> **Stored data**:
*** Begin section ***

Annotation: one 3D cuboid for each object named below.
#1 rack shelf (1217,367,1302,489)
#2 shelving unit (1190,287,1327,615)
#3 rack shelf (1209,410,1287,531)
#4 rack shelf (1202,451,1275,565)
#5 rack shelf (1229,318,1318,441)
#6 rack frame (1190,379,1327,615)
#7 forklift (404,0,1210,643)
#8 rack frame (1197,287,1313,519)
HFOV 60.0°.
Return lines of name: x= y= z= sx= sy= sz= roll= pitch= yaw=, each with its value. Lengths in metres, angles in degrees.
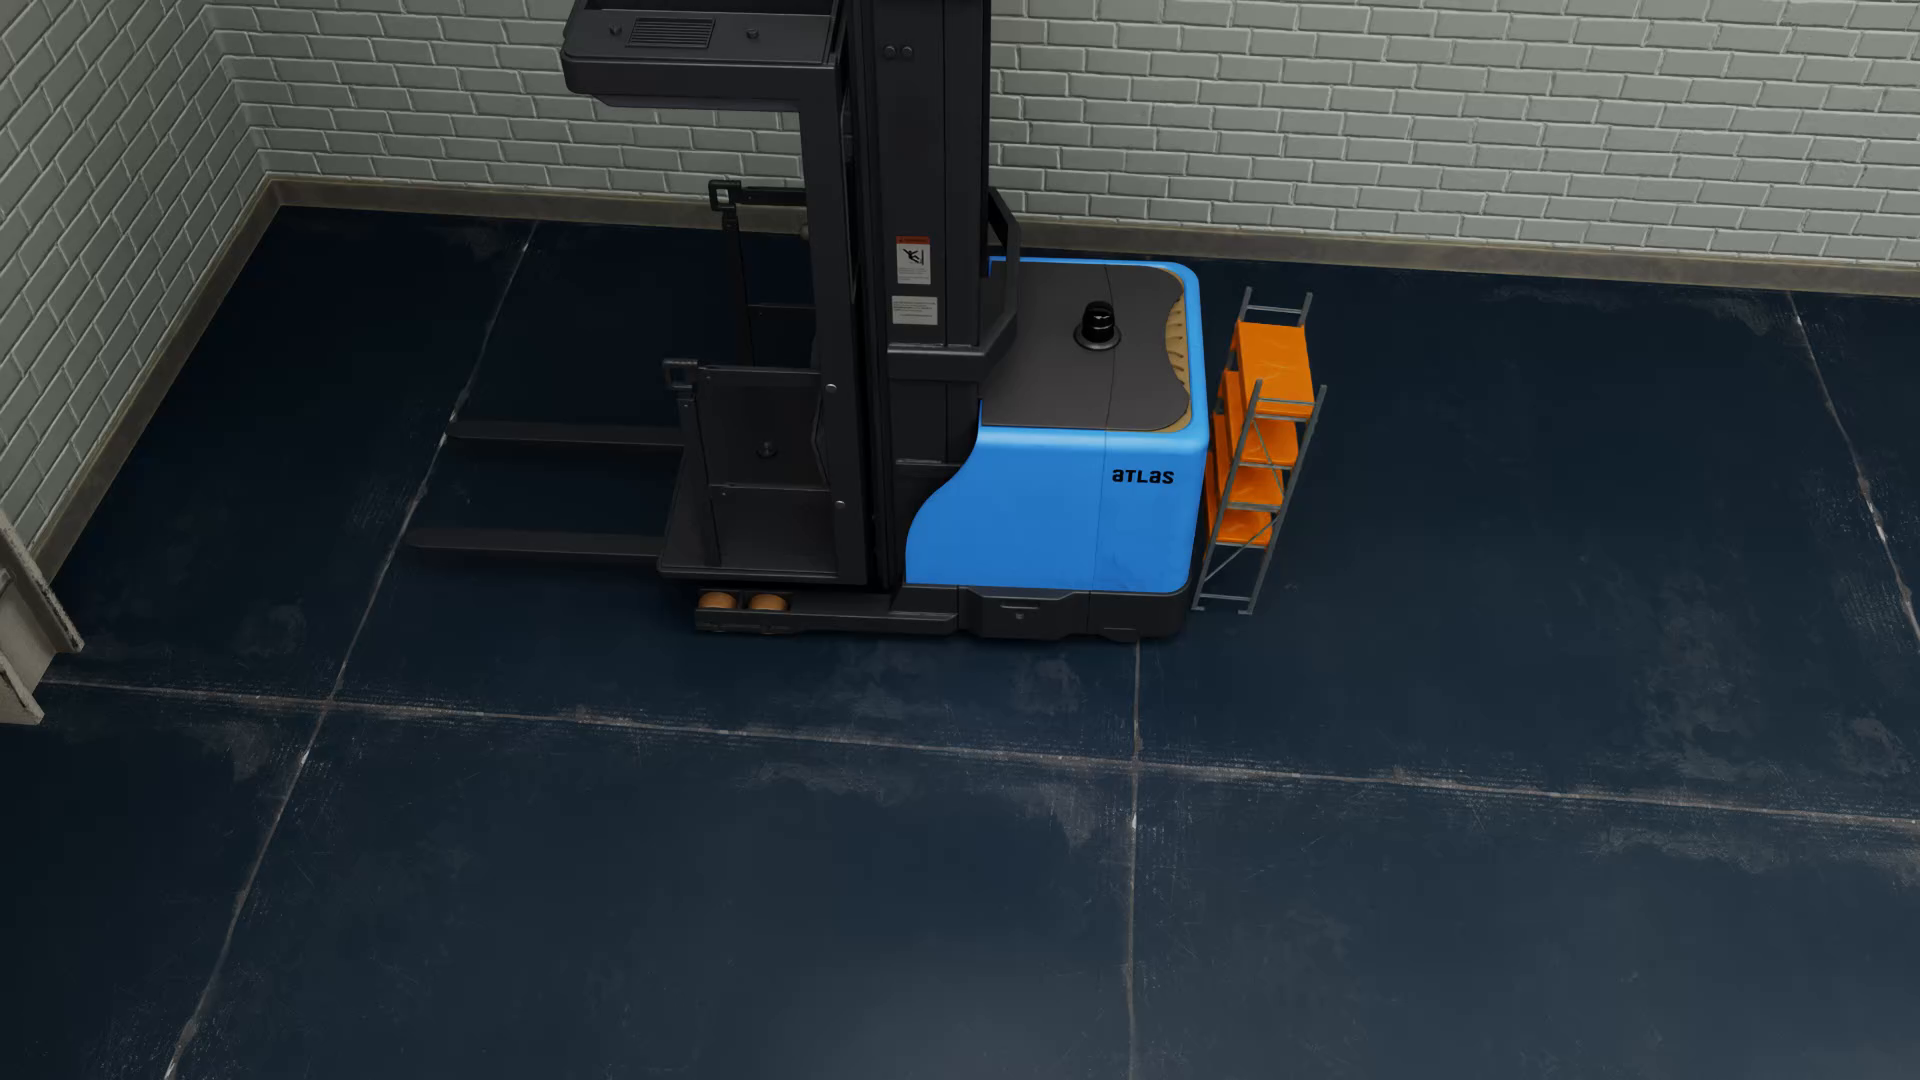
rack shelf: x=1.091 y=-0.410 z=6.087 sx=0.258 sy=0.148 sz=0.480 roll=5 pitch=48 yaw=-2
shelving unit: x=1.078 y=-0.305 z=6.203 sx=0.258 sy=1.200 sz=0.503 roll=5 pitch=48 yaw=-2
rack shelf: x=1.072 y=-0.260 z=6.252 sx=0.258 sy=0.148 sz=0.480 roll=5 pitch=48 yaw=-2
rack shelf: x=1.055 y=-0.127 z=6.399 sx=0.258 sy=0.148 sz=0.480 roll=5 pitch=48 yaw=-2
rack shelf: x=1.111 y=-0.568 z=5.913 sx=0.258 sy=0.148 sz=0.480 roll=5 pitch=48 yaw=-2
rack frame: x=1.067 y=-0.125 z=6.038 sx=0.240 sy=1.200 sz=0.015 roll=5 pitch=48 yaw=-2
forklift: x=-0.626 y=-1.014 z=5.691 sx=3.031 sy=2.935 sz=1.130 roll=2 pitch=48 yaw=2
rack frame: x=1.088 y=-0.485 z=6.367 sx=0.240 sy=1.200 sz=0.015 roll=5 pitch=48 yaw=-2
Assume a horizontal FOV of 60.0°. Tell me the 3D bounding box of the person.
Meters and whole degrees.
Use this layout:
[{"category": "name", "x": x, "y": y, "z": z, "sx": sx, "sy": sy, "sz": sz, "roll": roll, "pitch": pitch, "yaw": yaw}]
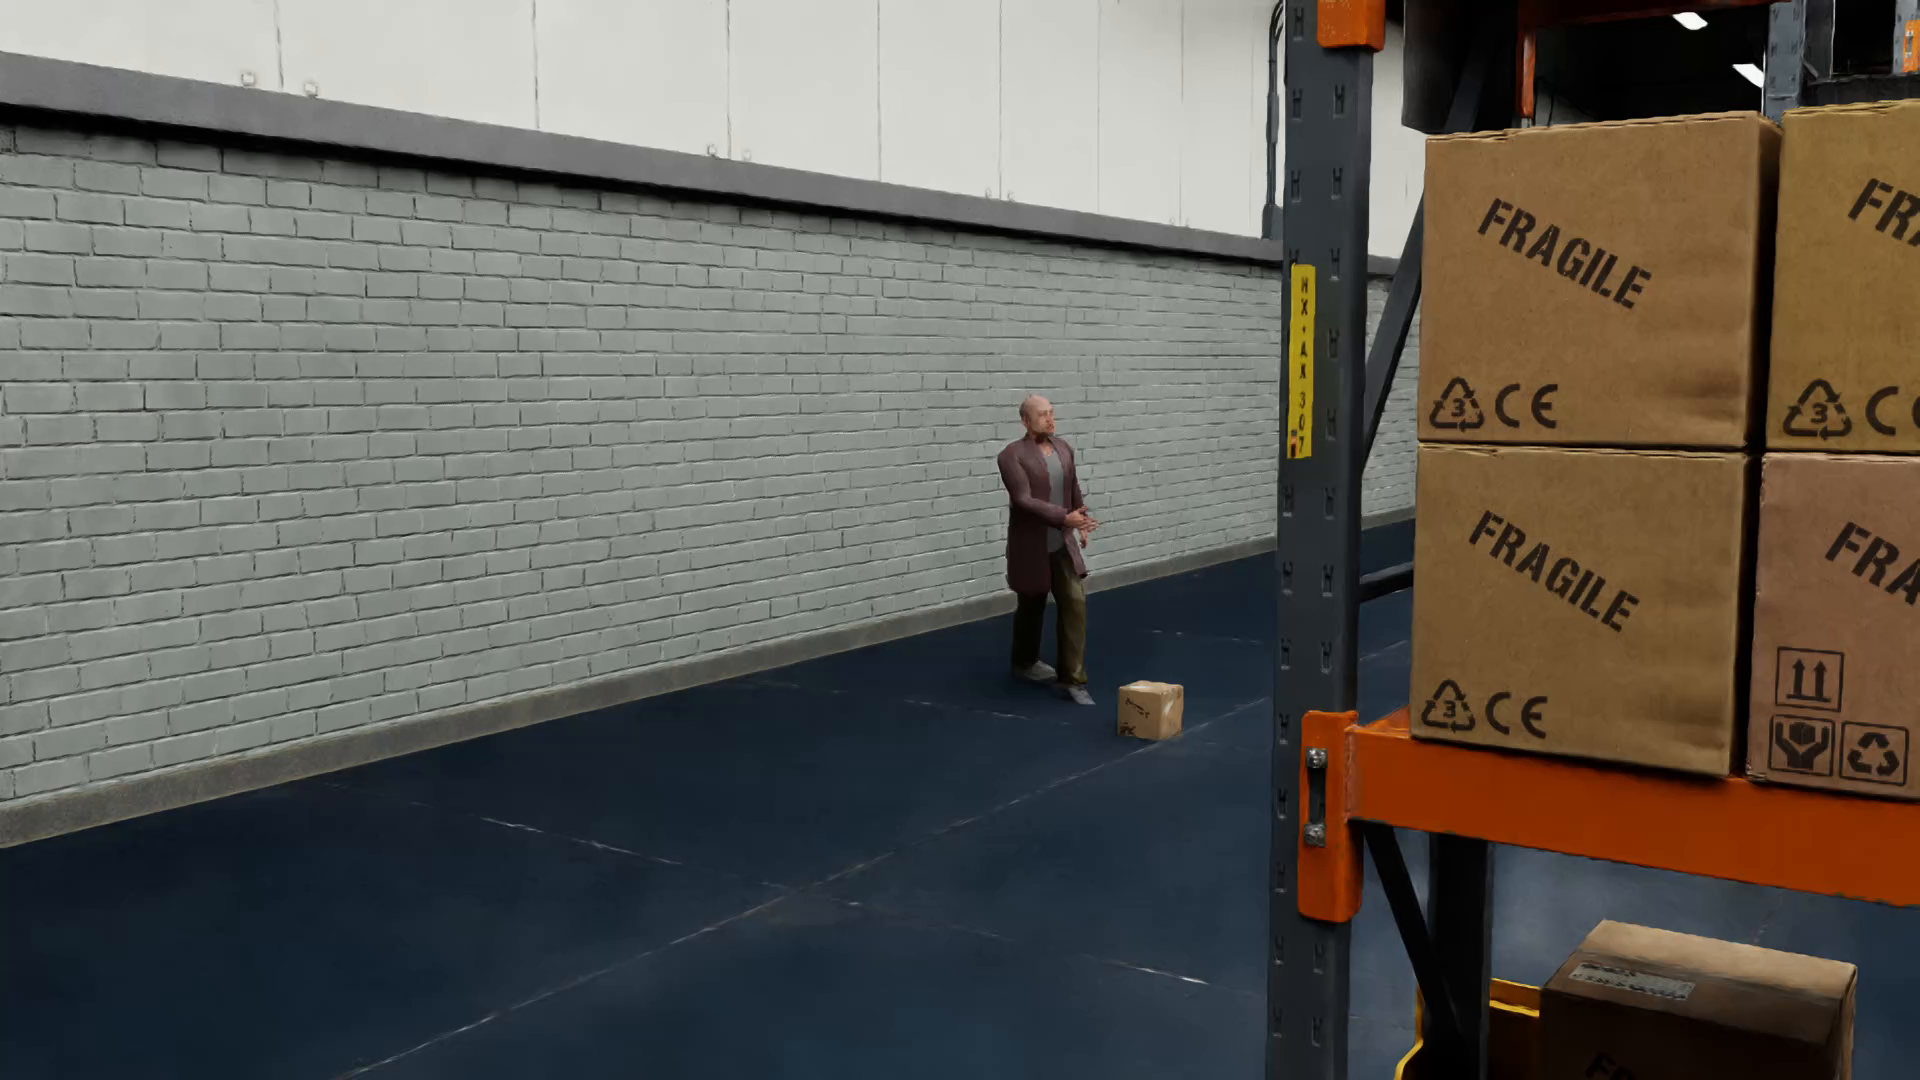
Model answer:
[{"category": "person", "x": 0.555, "y": 0.061, "z": 9.675, "sx": 0.749, "sy": 1.805, "sz": 0.905, "roll": -3, "pitch": 7, "yaw": -28}]

*** End section ***

> **Problem requirements**:
Copy every line above exactly, leaving no picture in the copy.

> **Exercise answer**:
Annotation: one 3D cuboid for each object named below.
#1 rack shelf (1217,367,1302,489)
#2 shelving unit (1190,287,1327,615)
#3 rack shelf (1209,410,1287,531)
#4 rack shelf (1202,451,1275,565)
#5 rack shelf (1229,318,1318,441)
#6 rack frame (1190,379,1327,615)
#7 forklift (404,0,1210,643)
#8 rack frame (1197,287,1313,519)
HFOV 60.0°.
Return lines of name: x= y= z= sx= sy= sz= roll= pitch= yaw=, each with its value. Lengths in metres, angles in degrees.
rack shelf: x=1.091 y=-0.410 z=6.087 sx=0.258 sy=0.148 sz=0.480 roll=5 pitch=48 yaw=-2
shelving unit: x=1.078 y=-0.305 z=6.203 sx=0.258 sy=1.200 sz=0.503 roll=5 pitch=48 yaw=-2
rack shelf: x=1.072 y=-0.260 z=6.252 sx=0.258 sy=0.148 sz=0.480 roll=5 pitch=48 yaw=-2
rack shelf: x=1.055 y=-0.127 z=6.399 sx=0.258 sy=0.148 sz=0.480 roll=5 pitch=48 yaw=-2
rack shelf: x=1.111 y=-0.568 z=5.913 sx=0.258 sy=0.148 sz=0.480 roll=5 pitch=48 yaw=-2
rack frame: x=1.067 y=-0.125 z=6.038 sx=0.240 sy=1.200 sz=0.015 roll=5 pitch=48 yaw=-2
forklift: x=-0.626 y=-1.014 z=5.691 sx=3.031 sy=2.935 sz=1.130 roll=2 pitch=48 yaw=2
rack frame: x=1.088 y=-0.485 z=6.367 sx=0.240 sy=1.200 sz=0.015 roll=5 pitch=48 yaw=-2
Assume a horizontal FOV of 60.0°. Tell me the 3D bounding box of the person.
Meters and whole degrees.
Use this layout:
[{"category": "name", "x": x, "y": y, "z": z, "sx": sx, "sy": sy, "sz": sz, "roll": roll, "pitch": pitch, "yaw": yaw}]
Model answer:
[{"category": "person", "x": 0.555, "y": 0.061, "z": 9.675, "sx": 0.749, "sy": 1.805, "sz": 0.905, "roll": -3, "pitch": 7, "yaw": -28}]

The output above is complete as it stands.